Here is how I finally beat dinoflagellates:
- I maintained my pH above 8.4 with kalkwasser.
- Before I began my final assault, I knew dinoflagellates would release a lot of toxins into the water column if I was successful. Therefore, the first step was to run lots of high quality granular activated carbon (GAC) to remove as much of these toxins as possible My GAC of choice was Two Little Fishies‘ Hydrocarbon.
- After my GAC was in place, I tried manually removing as much dinoflagellates as I could.
- Next, I decided to do a 72 hour black-out. I left every light off for a full 3 days and covered the entire tank/canopy under a black tarp so no light could creep in. Make sure to aggressively run your protein skimmer (or use air pumps) during this time as oxygen levels can get dangerously low.
- I prepared 50 gallons of new saltwater (using RO/DI water, of course). This represents about a 33% water change by water volume. I’d do a greater water change had I a container big enough to store the new water.
- After the 72 hour period, I removed the tarp and turned on my actinic lights. Most of the dinoflagellates was gone! I brushed off what remaining Brown Slime was clinging on to life and quickly began my water change, siphoning off any dinoflagellates I could find, in addition to siphoning my sand bed. I attempted to remove as much decaying matter I could. A 100 micron filter sock was installed in my sump to catch fine particulates.
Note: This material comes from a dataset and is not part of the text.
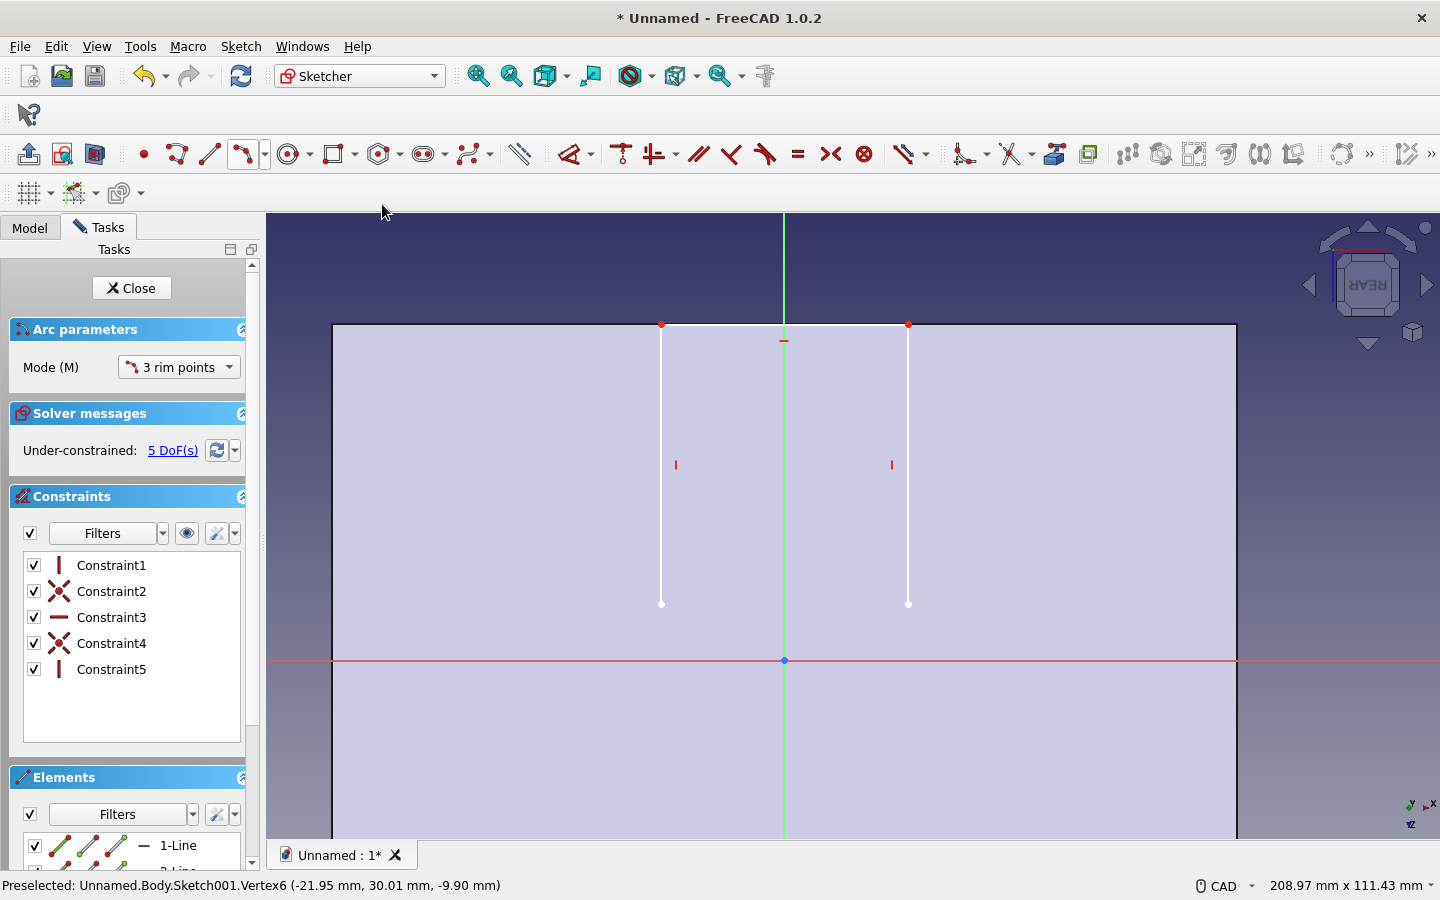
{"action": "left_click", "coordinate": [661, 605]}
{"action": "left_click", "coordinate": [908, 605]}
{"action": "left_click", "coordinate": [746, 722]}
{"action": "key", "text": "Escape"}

- I prepared another 50 gallon saltwater mix and performed another water change. At this point, there was no visible dinoflagellates left to extract, and I did a second siphoning of my sandbed.
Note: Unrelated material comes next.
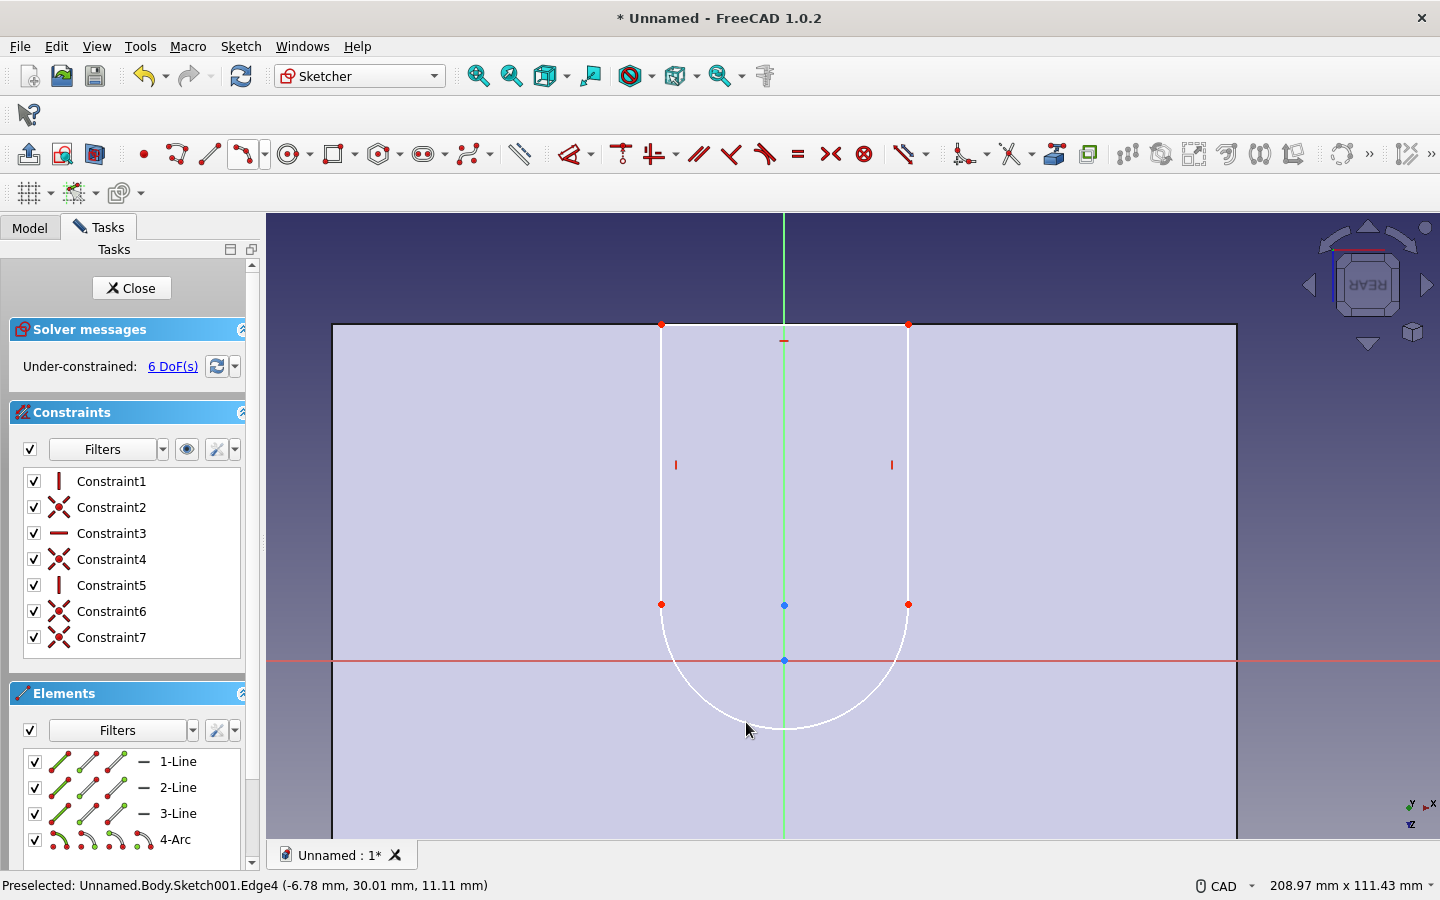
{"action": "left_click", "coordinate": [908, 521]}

- For a week after the water change, I ran only actinics (full 12+ hour day). Halides were left off.
- After the dinoflagellates were gone, my fish perked up with increased appetite. However, I resisted their pleas for food and fed them conservatively to keep nutrient levels low.
- For two weeks after the second water change, I added hydrogen peroxide (3% h202 solution commonly sold in supermarkets) at a rate of 1ml per 10 gallon per day. I can’t say for sure this step helped keep dinoflagellates from coming back, but dinoflagellates have yet to return. The intent is to sterilize the water column. I suspect ozone or UV sterilizers would serve the same purpose.
In light of this month’s Bacterial Counts article by Dr. Feldman, I also plan on dosing vodka.
Lesson #3: You can’t beat dinoflagellates half-heartedly. Reducing lights did not work. Only total black-out for 3 full days did the trick. Individual steps did not suffice by themselves; There is simply no one magic bullet. You can’t try one solution, and if it fails, move on the next one. What you need to do is plan an aggressive, multi-prong attack, performed simultaneously or consecutively to keep the dinoflagellates weakened and unable to mount a comeback.
It looks like I won’t have to tear down my reef after all! It’s incredible how big of a difference you can see in my fish and corals’ vitality now that the brown stuff has been eradicated. I hope my experience can help some aquarists beat dinoflagellates as well.